Una violencia crepuscular
BARCELONA SE ha especializado en los últimos años, de manera particularmente trágica, en una variante absurda y siniestra de la inseguridad ciudadana: Ias explosiones, variadamente atribuidas al gas o a causas menos conocidas, en viviendas del casco urbano, con inevitable pérdida de vidas humanas.Esta racha ominosa se inició contemporáneamente el 6 de marzo de 1972 con la completa destrucción de un inmueble en la calle del Capitán Arenas, siniestro en el que murieron 18 personas y que, rodeado de las más confusas circunstancias, acabó por ser atribuido a la deflagración producida por un escape de gas, sin que entonces ni ahora pueda considerarse verdaderamente cerrado el caso. Desde esa fecha, y hasta la explosión del pasado miércoles en la calle del Cinca, ha habido 42 muertes violentas, que no en su totalidad cabe atribuir a causas accidentales.
Es cierto que han pasado los tiempos de la rosa de fuego, aquellos en los que era verosímil oír a las autoridades civiles de la época que "en Barcelona no hacía falta preparar la insurrección, porque siempre está preparada". Eran los años del pistolerismo amarillo, del anarquismo, violento, mesiánico, revolucionario congénito a una estructura de la propiedad de los medios de producción que excitaba el individualismo y la atomización de las relaciones laborales. Pero, de esa Barcelona inquietante de principios de siglo ha pervivido un anarquismo residual, fuertemente teñido de simple bandolerismo en muchos casos, que hay que distinguir claramente de lo que resta del anarquismo oficial, encarnado en una fuerza sindical perfectamente respetable. Es un anarquismo sumergido, un tanto perdulario, cuyos flecos se mueven dentro del terreno de una u otra delincuencia, llámesele o no política.
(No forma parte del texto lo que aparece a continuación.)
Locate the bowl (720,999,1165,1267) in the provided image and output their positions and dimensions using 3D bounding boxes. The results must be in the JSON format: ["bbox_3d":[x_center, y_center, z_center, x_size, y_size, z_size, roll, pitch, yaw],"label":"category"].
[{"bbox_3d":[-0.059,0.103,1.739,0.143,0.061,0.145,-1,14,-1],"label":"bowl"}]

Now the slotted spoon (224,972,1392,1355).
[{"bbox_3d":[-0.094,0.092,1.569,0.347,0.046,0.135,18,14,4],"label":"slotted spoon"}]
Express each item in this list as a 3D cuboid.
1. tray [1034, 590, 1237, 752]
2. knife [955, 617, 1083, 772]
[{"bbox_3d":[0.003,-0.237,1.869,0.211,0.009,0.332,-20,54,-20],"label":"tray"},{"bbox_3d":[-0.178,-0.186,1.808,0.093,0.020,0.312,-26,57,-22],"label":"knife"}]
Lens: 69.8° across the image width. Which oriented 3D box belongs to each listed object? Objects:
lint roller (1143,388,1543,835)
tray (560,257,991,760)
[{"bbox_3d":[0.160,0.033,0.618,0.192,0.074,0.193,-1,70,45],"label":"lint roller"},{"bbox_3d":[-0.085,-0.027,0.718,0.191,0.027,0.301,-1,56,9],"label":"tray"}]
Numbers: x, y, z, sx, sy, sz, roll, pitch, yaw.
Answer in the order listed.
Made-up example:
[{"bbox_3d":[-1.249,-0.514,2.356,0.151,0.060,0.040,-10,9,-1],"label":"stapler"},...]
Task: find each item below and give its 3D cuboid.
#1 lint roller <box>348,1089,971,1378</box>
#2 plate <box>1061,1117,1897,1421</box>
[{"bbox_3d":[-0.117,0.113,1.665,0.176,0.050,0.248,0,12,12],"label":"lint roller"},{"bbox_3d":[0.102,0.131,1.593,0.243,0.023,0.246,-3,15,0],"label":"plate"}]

De otro lado, parece como si la incapacidad de respuesta de las autoridades, ante el lógico encadenamiento de interrogantes que se plantea la ciudadanía, fuera el detonante más adecuado para excitar zonas especialmente sombrías de la imaginación. La falta de información, no ya a las pocas horas de ocurridos sucesos como los de la calle del Cinca, sino años después de una catástrofe como la de la calle del Capitán Arenas, contribuyen a espesar un clima de inseguridad y bulo amplificado. Para muestra basta un botón. Horas más tarde de la explosión del miércoles, en la que murieron tres personas, se especulaba con que la causa del siniestro podía ser la detonación de una caldera, y los servicios del ayuntamiento no podían determinar si tan siquiera había un aparato de esas características en el inmueble. Hace unas semanas estallaron tres petardos en Barcelona y, si bien uno de ellos fue reclamado por la organización terrorista Terra Lliure, los otros dos siguen siendo, a estas alturas, de padre desconocido.
El que esa violencia residual, espontaneísta y recóndita, sea apenas comparable en su concisa amplitud a la que siembra el terror en el País Vasco, no debe hacemos perder de vista la gravedad de unos hechos fantasmagóricamente repetidos en los últimos años. Al margen de los circuitos reconocidos de la violencia política, existe un poso crepuscular casi de salto atrás que nos vincula a tiempos pretéritos. Aquellos de la propaganda por el hecho. No todo el pasado ha muerto todavía.